For every line below, output the text exactly and leave out images.

DATA:
════════
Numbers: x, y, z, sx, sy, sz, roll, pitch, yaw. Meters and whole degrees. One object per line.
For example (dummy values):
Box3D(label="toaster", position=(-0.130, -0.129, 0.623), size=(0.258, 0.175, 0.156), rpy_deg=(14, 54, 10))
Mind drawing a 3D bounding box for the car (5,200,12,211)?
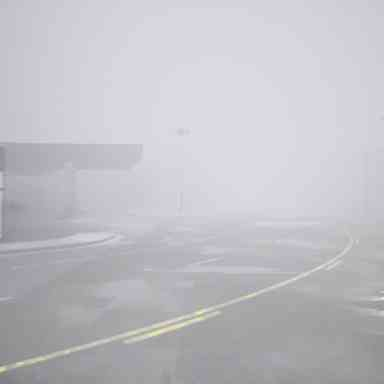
════════
SOLUTION FOR THIS EXERCISE:
Numbers: x, y, z, sx, sy, sz, roll, pitch, yaw. Meters and whole degrees. One object per line.
For example (dummy values):
Box3D(label="toaster", position=(-0.130, -0.129, 0.623), size=(0.258, 0.175, 0.156), rpy_deg=(14, 54, 10))
Mind drawing a 3D bounding box for the car (5,200,12,211)?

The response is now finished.